Hey guys sold 4 wyo cats yesterday one female all rest big toms one was49" stretched,ave was375.00 per cat.


----------



## moneyshot27 (Jan 13, 2009)

where in wyo are you from? i'm in laramie at the moment and i haven't seen cat tracks anywhere for two years. oh, and congrats on the cats. i bet you're pretty happy about that price.


----------



## take EM' close (Oct 21, 2004)

Dang man you really did pretty good. We're sellin at the end of the month, so far we're at 14 and still countin. I've got 6 and my dad has got 8. With those prices, maybe I WILL have some spending money. We do all our trappin up on the Bighorns.


----------



## blklabs2 (Mar 2, 2008)

I live near sheridan I also trap in the bighorns been a tough year I didnt set any traps until after jan6 ather commitments,hope to catch a few more toms lots of sign just recently,2 years ago caught 36,I sold my cats to bridger fur in mt. doug was the buyer


----------



## coyotetrapper (Mar 8, 2009)

Sounds like you did very well at 375.00 avg.


----------



## Sask hunter (Sep 11, 2008)

coyotetrapper said:


> Sounds like you did very well at 375.00 avg.

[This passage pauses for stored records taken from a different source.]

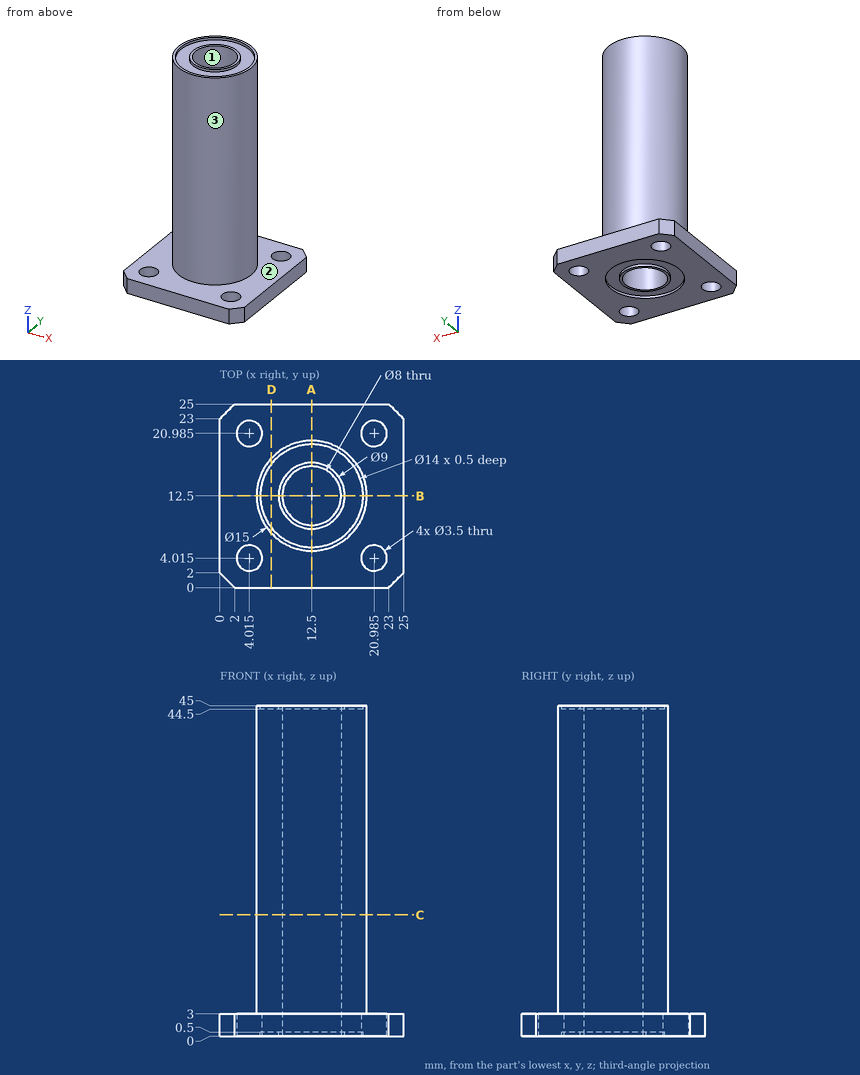
Could you check a few things on this drawing? It's one solid part, dimensions in mm from its lowest x, y, z. Give positions to 0.01 mm unless a question says otherwise; leave off trailing zeros. Write each loop counter-clockwise with the first axis right and the second up, starting at its lowest first coordinate (ties: lowest second). Pieces come first, ordered by that corner, then holes. Notation, with made-up numbers: (28, -21.75) -> (72, -21.75) arc R23 ccw to (72, 6.25) -> close; hole circle Ø11 at (68.25, 28). An arc over 180 degrees is marked (long way). Answer as a JSON object with one key per item and string values.
Q1. Suppose I cut it at D-D on x = 7. Write out the boundary of the cut face in (y, z).
Taken from the geometry:
{"outline": "(0, 0) -> (8.17, 0) -> (8.17, 0.5) -> (16.83, 0.5) -> (16.83, 0) -> (25, 0) -> (25, 3) -> (17.6, 3) -> (17.6, 45) -> (16.83, 45) -> (16.83, 44.5) -> (8.17, 44.5) -> (8.17, 45) -> (7.4, 45) -> (7.4, 3) -> (0, 3) -> close"}
Q2. We'd pull the mould along Y, two halves only. Please class the marked faces 1, 2 and 3: released by +Y, released by -Y, zero draft, split by the parting line, or undercut.
Taken from the geometry:
{"face 1": "undercut", "face 2": "zero draft", "face 3": "split by the parting line"}
Q3. Suppose I cut it at A-A on x = 12.5. Write out the boundary of the cut face in (y, z).
Taken from the geometry:
{"outline": "(0, 0) -> (5.5, 0) -> (5.5, 0.5) -> (8, 0.5) -> (8, 0) -> (8.5, 0) -> (8.5, 45) -> (8, 45) -> (8, 44.5) -> (5.5, 44.5) -> (5.5, 45) -> (5, 45) -> (5, 3) -> (0, 3) -> close; (16.5, 0) -> (17, 0) -> (17, 0.5) -> (19.5, 0.5) -> (19.5, 0) -> (25, 0) -> (25, 3) -> (20, 3) -> (20, 45) -> (19.5, 45) -> (19.5, 44.5) -> (17, 44.5) -> (17, 45) -> (16.5, 45) -> close"}
Q4. Suppose I cut it at C-C on z = 16.5. Write out the boundary of the cut face in (x, y), then the cut area to 3 significant figures.
Taken from the geometry:
{"outline": "circle Ø15 at (12.5, 12.5); hole circle Ø8 at (12.5, 12.5)", "area": "126 mm²"}
Q5. Will these pins go through, and if not, where does the flat tip stop? pin 1 Ø4 at (x, z) = (14, 33) entering from -Y; pin 2 Ø2 at (y, z) = (13.5, 15) entering from -X; pin 3 Ø3 at (x, z) = (18, 37) entering from +Y (1 decimal).
Taken from the geometry:
{"pin 1": "stops at y = 5", "pin 2": "stops at x = 5", "pin 3": "stops at y = 18.8"}
Q6. Please list where these lines run through material, in increasing order: L1, parallel to Y at x = 12.5, z = 0.2; L2, parallel to Z at x = 4.75, y = 18.75; L3, parallel to Z at x = 5.75, y = 11.75.
Taken from the geometry:
{"L1": "y = 0 to 5.5, 8 to 8.5, 16.5 to 17, 19.5 to 25", "L2": "z = 0 to 3", "L3": "z = 0.5 to 44.5"}
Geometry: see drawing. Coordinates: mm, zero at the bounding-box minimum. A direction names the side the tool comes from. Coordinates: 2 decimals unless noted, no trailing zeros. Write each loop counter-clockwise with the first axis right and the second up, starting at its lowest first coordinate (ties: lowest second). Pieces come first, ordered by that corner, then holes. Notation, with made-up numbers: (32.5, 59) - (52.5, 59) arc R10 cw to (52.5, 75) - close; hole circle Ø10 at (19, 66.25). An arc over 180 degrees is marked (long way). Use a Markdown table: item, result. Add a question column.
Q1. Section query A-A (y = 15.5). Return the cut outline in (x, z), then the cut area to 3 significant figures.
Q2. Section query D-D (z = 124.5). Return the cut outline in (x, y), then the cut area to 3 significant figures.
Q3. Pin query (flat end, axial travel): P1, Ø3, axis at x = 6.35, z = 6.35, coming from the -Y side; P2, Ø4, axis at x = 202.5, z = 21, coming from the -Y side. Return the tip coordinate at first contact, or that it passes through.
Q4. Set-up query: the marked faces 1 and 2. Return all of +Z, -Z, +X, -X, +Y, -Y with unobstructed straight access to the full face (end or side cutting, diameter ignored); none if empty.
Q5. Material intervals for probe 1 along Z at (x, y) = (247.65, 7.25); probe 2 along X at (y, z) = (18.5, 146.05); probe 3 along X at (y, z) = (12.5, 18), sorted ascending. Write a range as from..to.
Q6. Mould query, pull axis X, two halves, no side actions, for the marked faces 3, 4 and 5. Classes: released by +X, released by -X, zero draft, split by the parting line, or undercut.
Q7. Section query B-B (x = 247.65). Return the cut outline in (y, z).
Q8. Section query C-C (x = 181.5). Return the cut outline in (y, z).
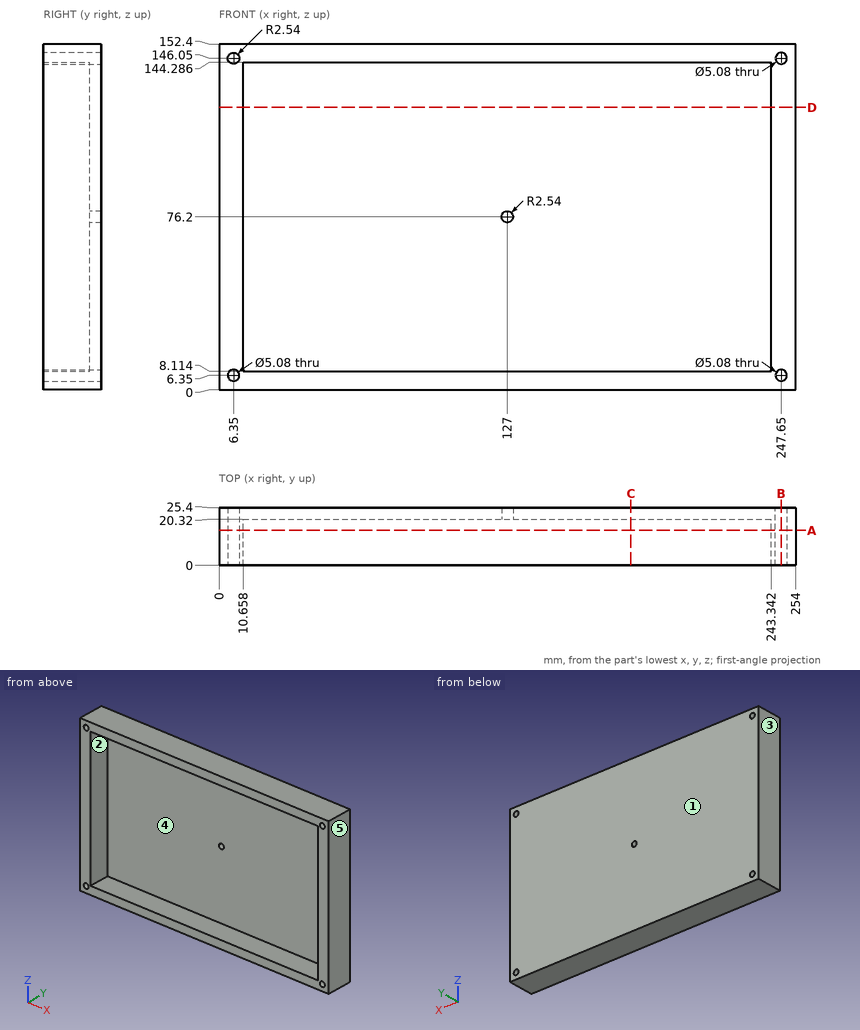
Values follow:
| question | item | result |
|---|---|---|
| 1 | outline | (0, 0) - (254, 0) - (254, 152.4) - (0, 152.4) - close; hole circle Ø5.08 at (6.35, 6.35); hole circle Ø5.08 at (6.35, 146.05); hole (10.66, 8.11) - (243.34, 8.11) - (243.34, 144.29) - (10.66, 144.29) - close; hole circle Ø5.08 at (247.65, 6.35); hole circle Ø5.08 at (247.65, 146.05) |
| 1 | area | 6,940 mm2 |
| 2 | outline | (0, 0) - (10.66, 0) - (10.66, 20.32) - (243.34, 20.32) - (243.34, 0) - (254, 0) - (254, 25.4) - (0, 25.4) - close |
| 2 | area | 1,720 mm2 |
| 3 | P1 | through |
| 3 | P2 | y = 20.32 |
| 4 | face 1 | +Z, -Z, +X, -X, +Y |
| 4 | face 2 | -Y |
| 5 | probe 1 | 0..3.81, 8.89..143.51, 148.59..152.4 |
| 5 | probe 2 | 0..3.81, 8.89..245.11, 250.19..254 |
| 5 | probe 3 | 0..10.66, 243.34..254 |
| 6 | face 3 | released by -X |
| 6 | face 4 | undercut |
| 6 | face 5 | released by +X |
| 7 | outline | (0, 0) - (25.4, 0) - (25.4, 3.81) - (0, 3.81) - close; (0, 8.89) - (25.4, 8.89) - (25.4, 143.51) - (0, 143.51) - close; (0, 148.59) - (25.4, 148.59) - (25.4, 152.4) - (0, 152.4) - close |
| 8 | outline | (0, 0) - (25.4, 0) - (25.4, 152.4) - (0, 152.4) - (0, 144.29) - (20.32, 144.29) - (20.32, 8.11) - (0, 8.11) - close |
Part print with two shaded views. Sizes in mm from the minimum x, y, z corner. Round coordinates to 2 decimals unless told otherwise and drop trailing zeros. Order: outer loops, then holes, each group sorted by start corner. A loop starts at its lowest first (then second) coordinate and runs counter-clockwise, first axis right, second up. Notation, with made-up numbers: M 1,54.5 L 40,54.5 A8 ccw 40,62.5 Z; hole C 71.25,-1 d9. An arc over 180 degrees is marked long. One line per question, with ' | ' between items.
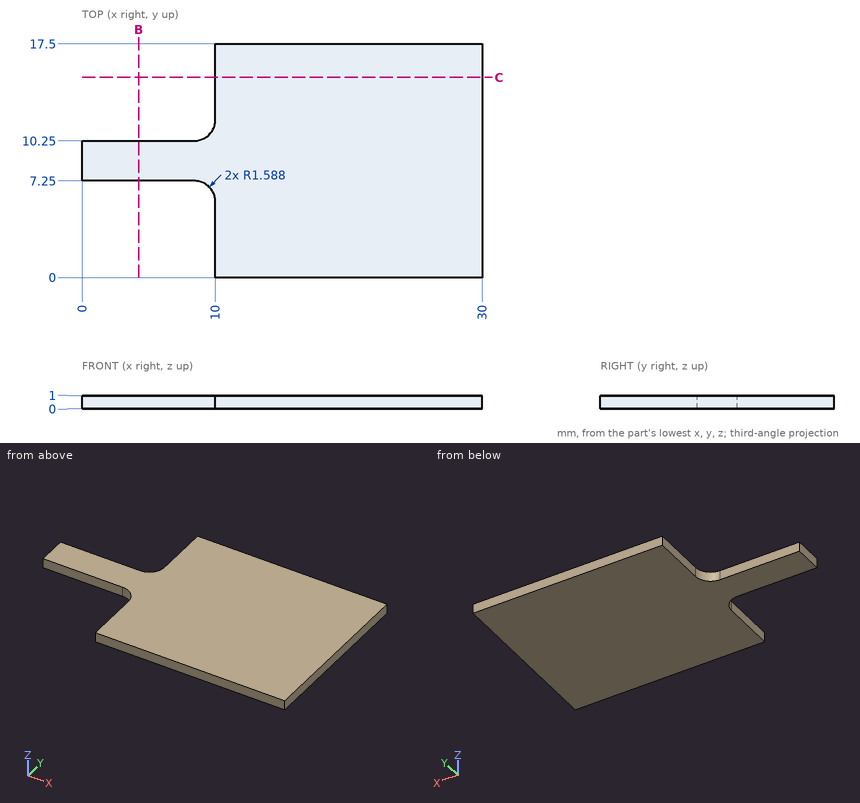
1) Probe line 1 (X direction, y = 13.25, z = 0.85); line 2 (Y direction, x = 1.5, z = 0.75); line 3 (Y direction, x = 8.75, z = 0.65) (1 decimal). List the from-to ranges inside material, lowest first. Write a range as [from, to].
The answers:
line 1: x = [10, 30] | line 2: y = [7.25, 10.25] | line 3: y = [7.2, 10.3]
2) Saw through at C-C (y = 15). List the corners of the cut face in (x, z).
The answers:
outline: M 10,0 L 30,0 L 30,1 L 10,1 Z
3) Saw through at B-B (x = 4.25). List the corners of the cut face in (y, z).
The answers:
outline: M 7.25,0 L 10.25,0 L 10.25,1 L 7.25,1 Z

Ya I agree i wish i could have that kind of spending money.


----------



## take EM' close (Oct 21, 2004)

Sold 14 and averaged $330.... A couple were basin cats too.... not terrible


----------



## R y a n (Apr 4, 2005)

take EM' close said:


> Sold 14 and averaged $330.... A couple were basin cats too.... not terrible


What a basin cat? They better? worse? more $$?


----------



## take EM' close (Oct 21, 2004)

I guess I did leave that a little broad. I do about equal amount of trapping on the mountain and down in our basin area. The basin cats have a little more red to them and not as good of a belly as a mountain cat would. We had some pretty nasty weather down low early though so it primed the fur up pretty fast.


----------